Evan Vucci / The Associated Press

WASHINGTON — Les partisans de l’Accord de libre-échange nord-américain (ALÉNA) ont poussé un soupir de soulagement, vendredi, en prenant connaissance de commentaires rassurants du président Donald Trump, qui semble moins enclin à se retirer de l’entente commerciale.

Dans une entrevue au «Wall Street Journal», le président a eu à plusieurs reprises des mots plutôt positifs sur l’allure des négociations et sur leurs chances d’aboutir à «une entente raisonnable».

M. Trump a même soutenu qu’un ALÉNA renégocié permettrait de payer la note pour la construction du mur à la frontière mexicaine. Il a aussi admis qu’il était difficile pour le gouvernement mexicain, en pleine année électorale, de participer à de telles négociations.

Le président républicain n’a pas manqué, par ailleurs, de brandir à nouveau la menace d’un retrait américain de l’ALÉNA si Washington ne peut obtenir un meilleur accord.

Mais la ministre canadienne des Affaires étrangères, Chrystia Freeland, préfère s’accrocher aux meilleurs sentiments manifestés par le président au «Wall Street Journal». En arrivant à la réunion du cabinet, vendredi à London, en Ontario, elle a qualifié de «raisonnable» et de «constructive» la patience soudaine de M. Trump.

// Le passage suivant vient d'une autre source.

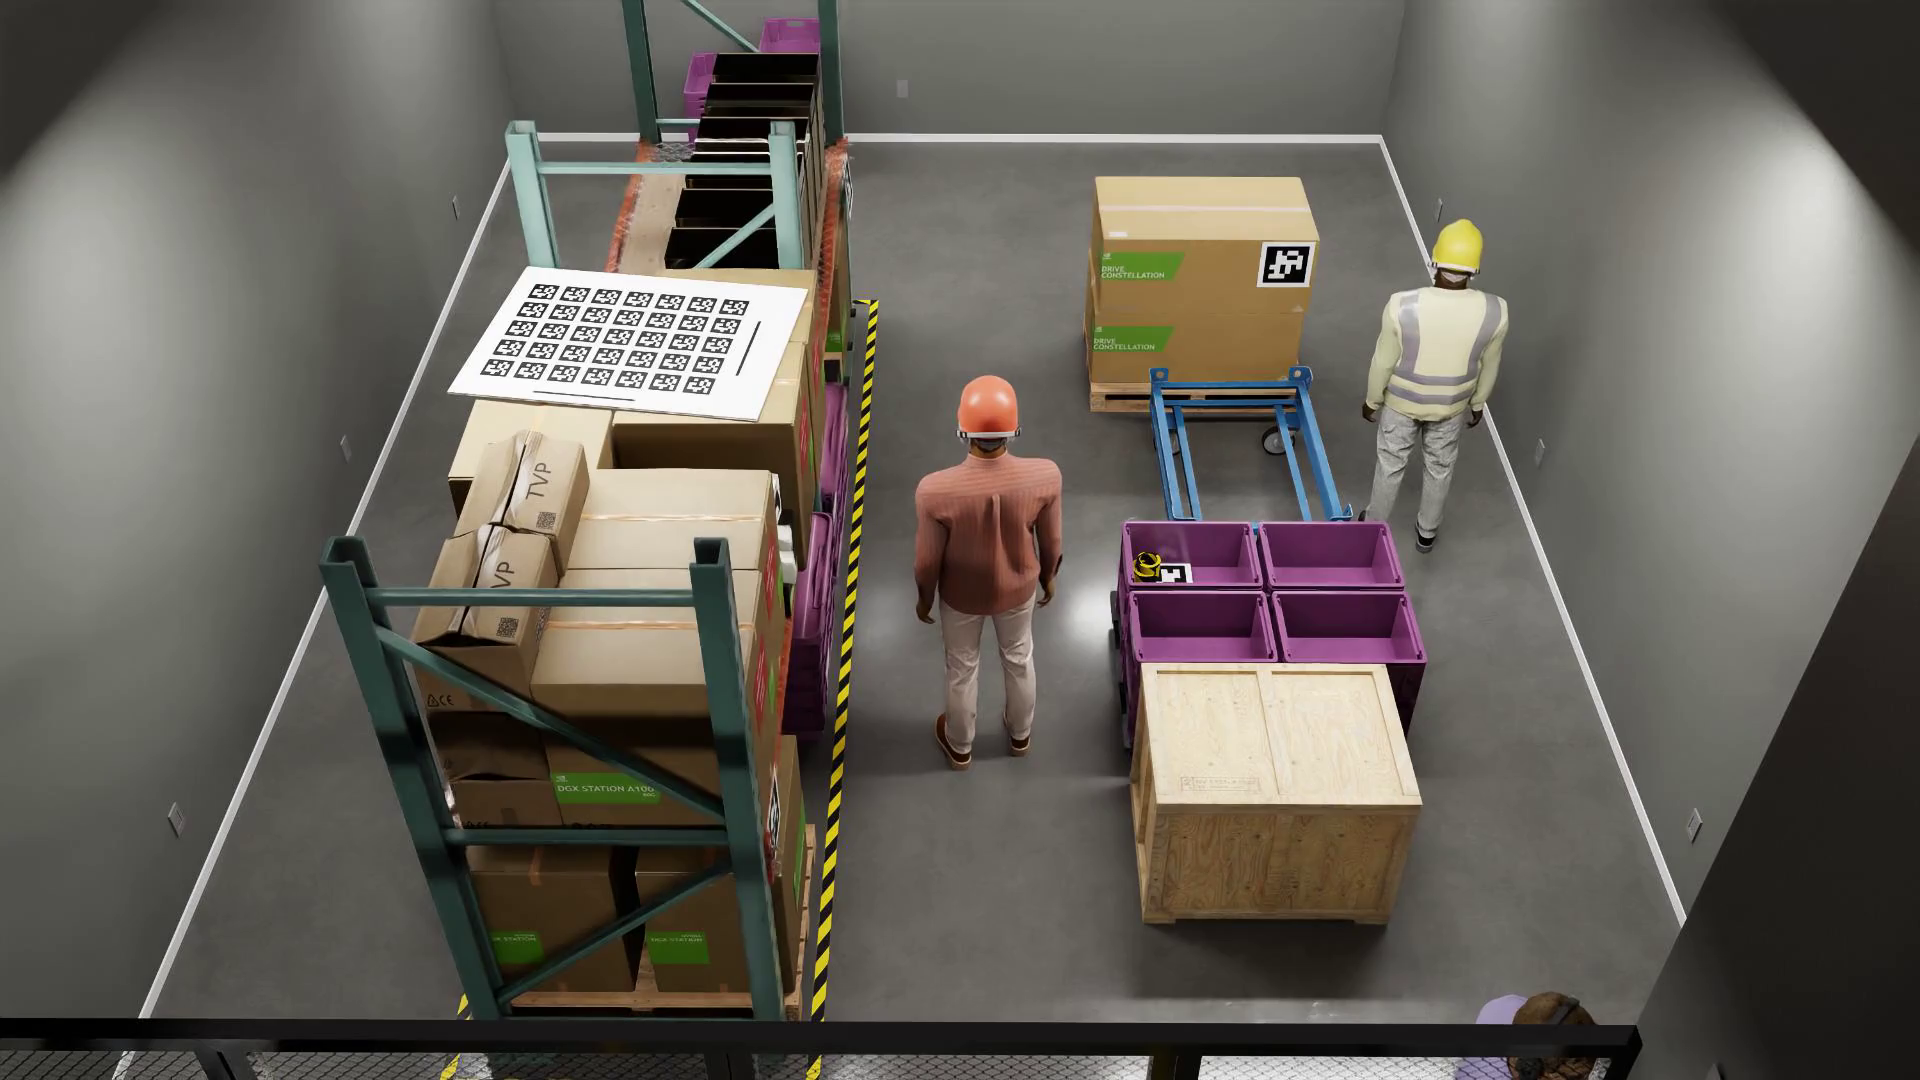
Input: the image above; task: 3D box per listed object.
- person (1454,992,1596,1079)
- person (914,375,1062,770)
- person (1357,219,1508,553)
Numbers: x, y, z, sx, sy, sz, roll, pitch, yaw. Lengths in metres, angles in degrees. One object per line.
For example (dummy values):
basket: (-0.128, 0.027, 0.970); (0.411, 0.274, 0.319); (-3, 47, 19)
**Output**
person: (1.533, 1.935, 4.909); (0.371, 1.938, 0.627); (11, 43, 13)
person: (0.110, 0.168, 6.880); (0.622, 1.993, 0.382); (-10, 42, -11)
person: (2.243, -0.706, 7.998); (0.599, 1.830, 0.404); (2, 41, 2)
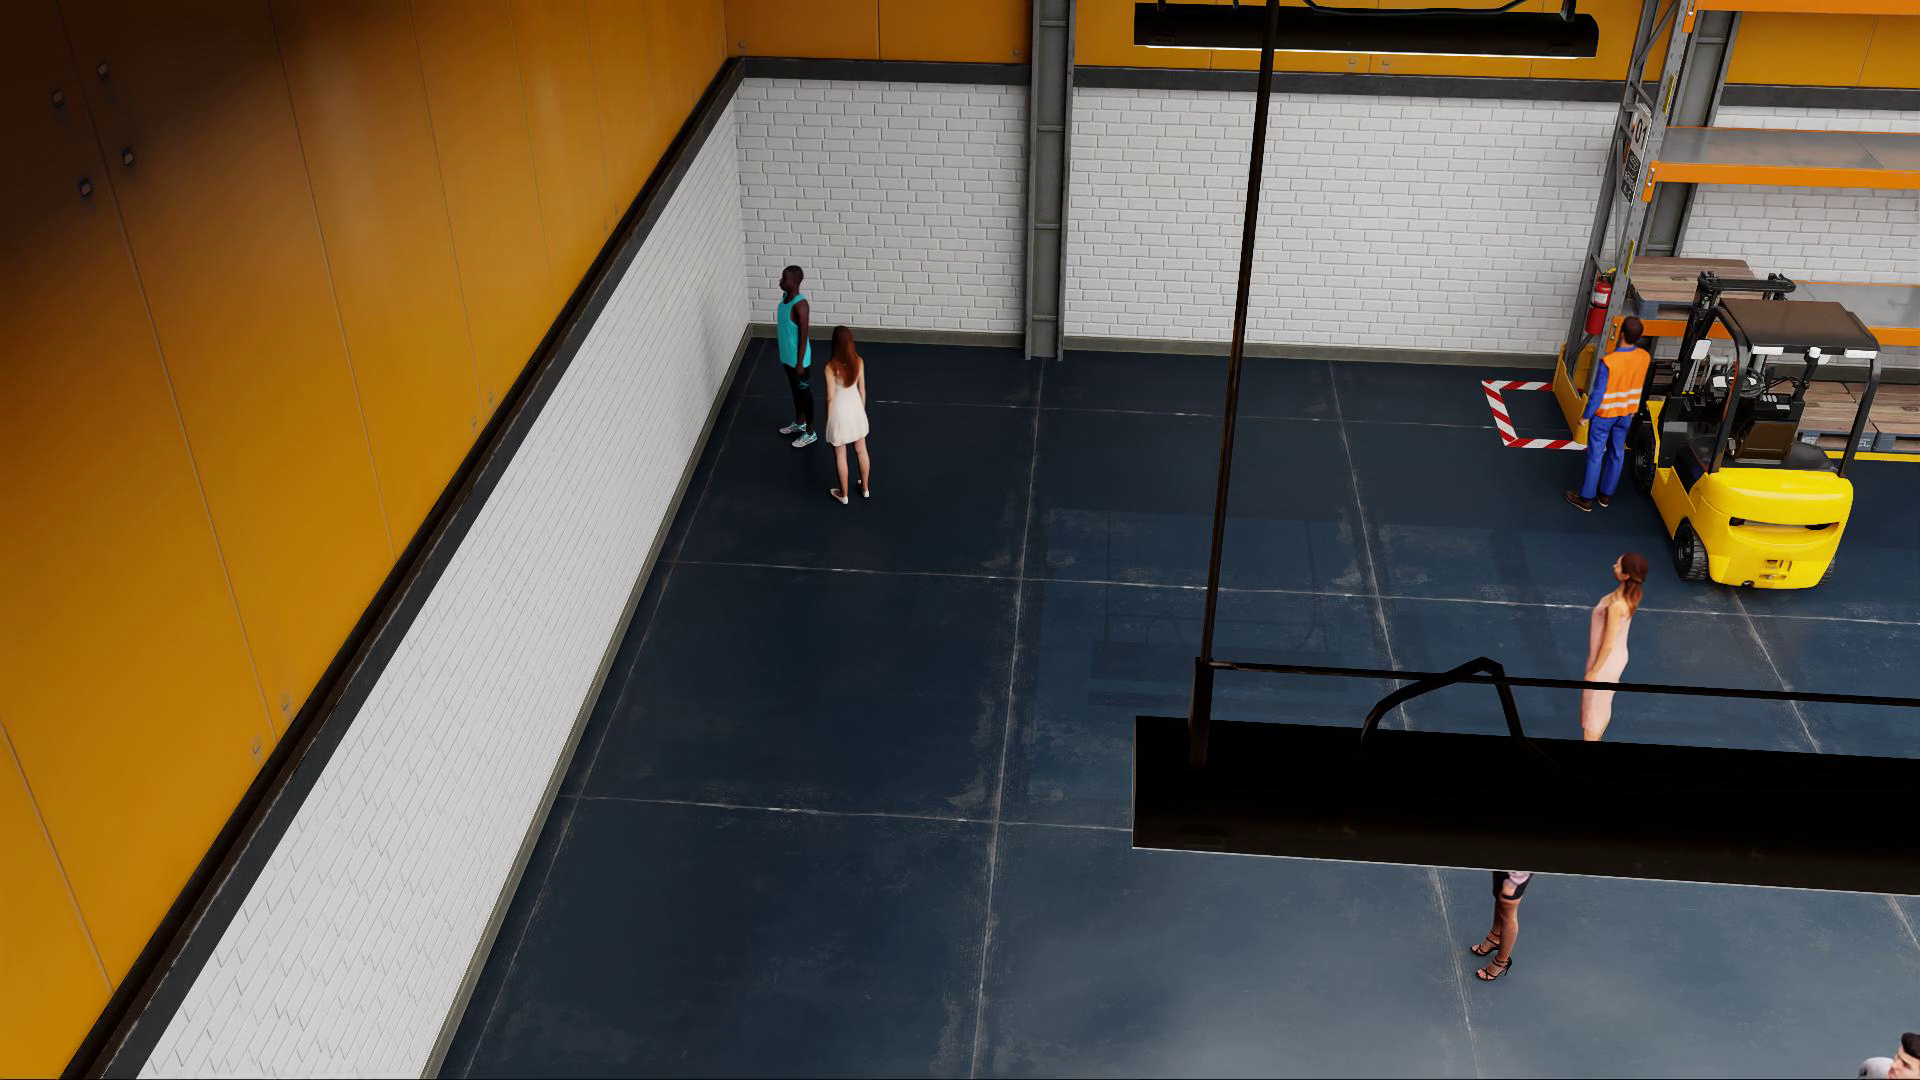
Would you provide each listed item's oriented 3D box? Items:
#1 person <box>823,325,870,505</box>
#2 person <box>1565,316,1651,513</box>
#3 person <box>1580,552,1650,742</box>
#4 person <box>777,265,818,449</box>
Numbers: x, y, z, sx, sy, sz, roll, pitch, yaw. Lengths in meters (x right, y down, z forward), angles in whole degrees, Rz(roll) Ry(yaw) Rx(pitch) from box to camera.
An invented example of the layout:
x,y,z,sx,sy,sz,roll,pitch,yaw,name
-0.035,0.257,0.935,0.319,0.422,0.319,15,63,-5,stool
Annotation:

La ministre Freeland, qui est aussi responsable du commerce avec les États-Unis, a expliqué que le Canada avait toujours soutenu qu’il n’était pas utile de fixer des échéanciers artificiels pour des négociations, comme celui de mettre fin aux rondes de discussions actuelles en mars prochain. Mme Freeland a rappelé que le Canada était tout à fait disposé à poursuivre les négociations le temps qu’il faudra afin de conclure un bon accord.

Dans une entrevue au quotidien «El País», le ministre mexicain de l’Économie, Ildefonso Guajardo, ne croit pas que Washington servira bientôt un préavis de résiliation. Il souhaite par ailleurs la conclusion rapide d’un accord, afin de calmer les marchés.

Certains observateurs remarquent que les efforts des partisans de l’ALÉNA commencent à porter leurs fruits aux États-Unis. Robert Holleyman, ancien représentant adjoint au Commerce pour Barack Obama, et l’avocat Dan Ujczo, spécialisé dans le commerce canado-américain, estiment tous les deux que les efforts de ces groupes de pression commencent à peser dans la balance à Washington — notamment la voix des «États agricoles» qui ont voté pour Donald Trump.

Les fermiers américains doivent déjà composer avec une baisse du prix des denrées, et ils demandent à leur président, par l’entremise des élus au Congrès, de ne pas empirer les choses en menaçant leurs exportations.

Me Ujczo estime maintenant que certains progrès doivent être réalisés lors de la sixième ronde de négociations, du 23 au 28 janvier à Montréal, afin de retenir les élans du président Trump vers la sortie, en se prévalant de l’article 2205 de l’ALÉNA, qui accorde six mois à un pays signataire pour se retirer de l’accord.

L’avocat estime que cet article est moins une stratégie de négociations qu’une boîte de Pandore, qui pourrait perturber les marchés et accentuer le risque d’une réelle rupture de l’ALÉNA — ce que ne souhaite pas au fond le président Trump, selon lui.